Given material:
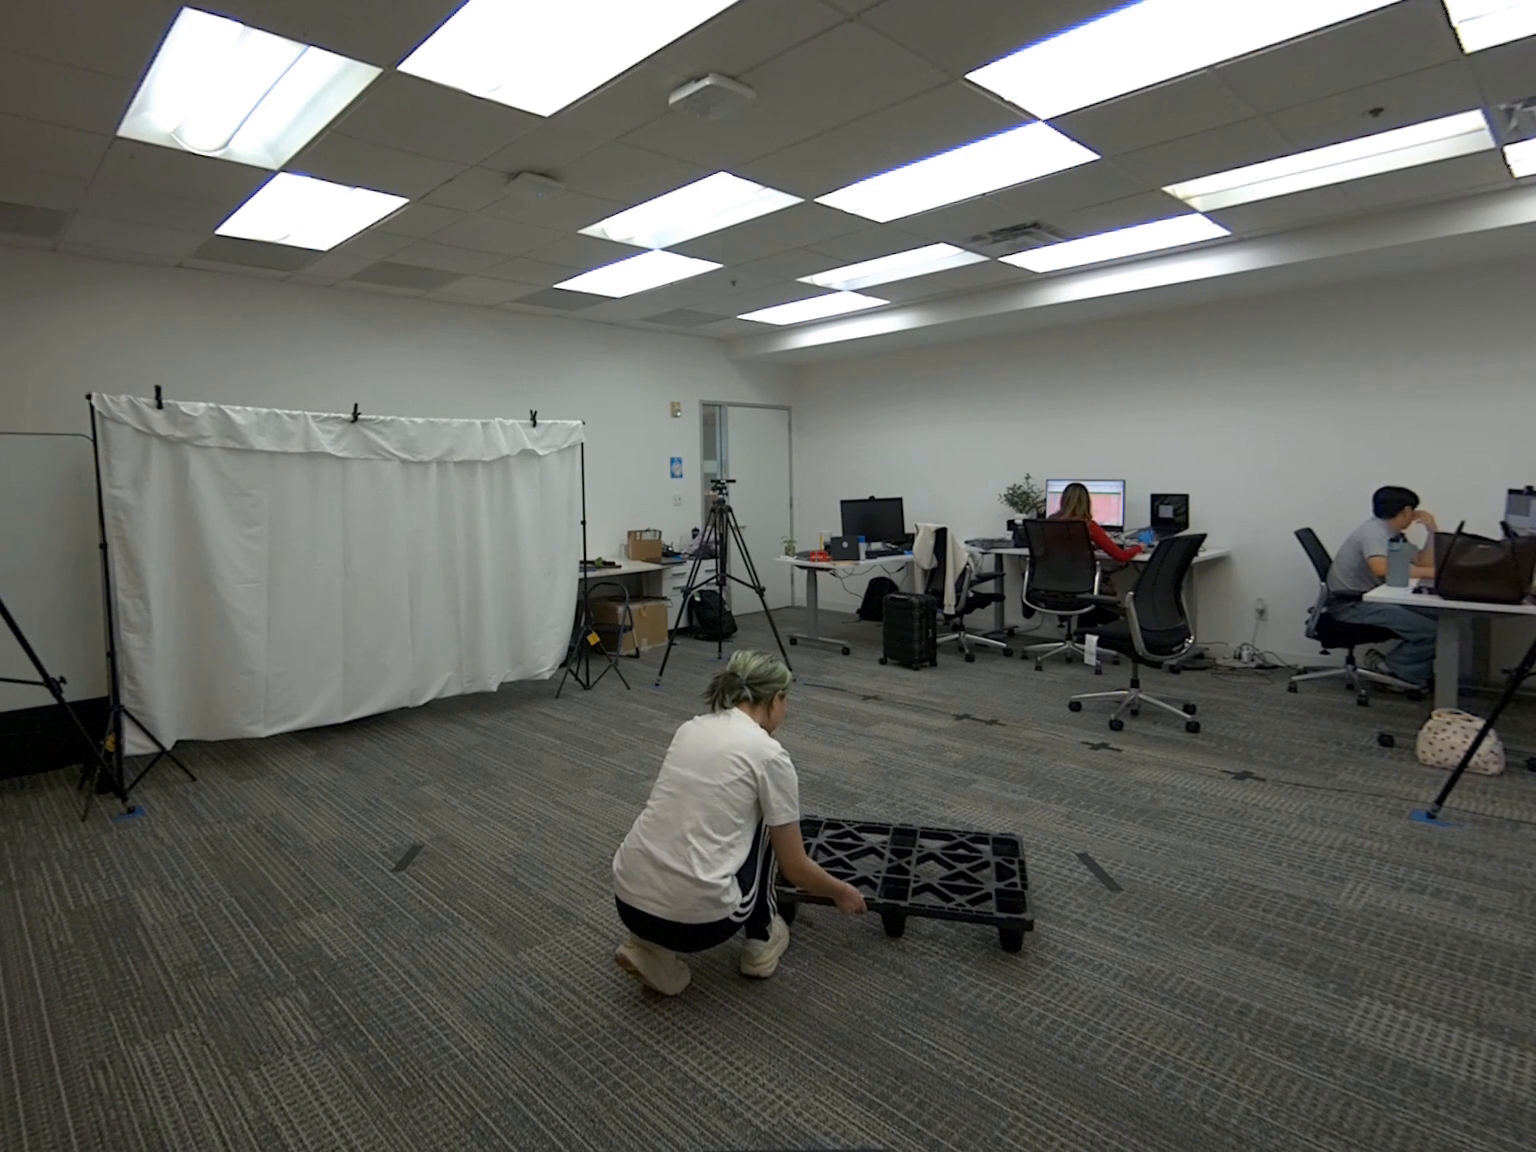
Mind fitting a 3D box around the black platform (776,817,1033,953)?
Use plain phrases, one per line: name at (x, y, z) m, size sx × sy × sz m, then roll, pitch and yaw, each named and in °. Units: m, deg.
black platform at (0.439, 1.003, 2.828) m, size 0.818 × 0.143 × 0.598 m, roll 1°, pitch 6°, yaw 15°

What to produce: Images in the data above are to be skipped. Retype all other material exactly.

Output below:
Mind fitting a 3D box around the black platform (776,817,1033,953)?
Use plain phrases, one per line: name at (x, y, z) m, size sx × sy × sz m, then roll, pitch and yaw, each named and in °. Units: m, deg.
black platform at (0.439, 1.003, 2.828) m, size 0.818 × 0.143 × 0.598 m, roll 1°, pitch 6°, yaw 15°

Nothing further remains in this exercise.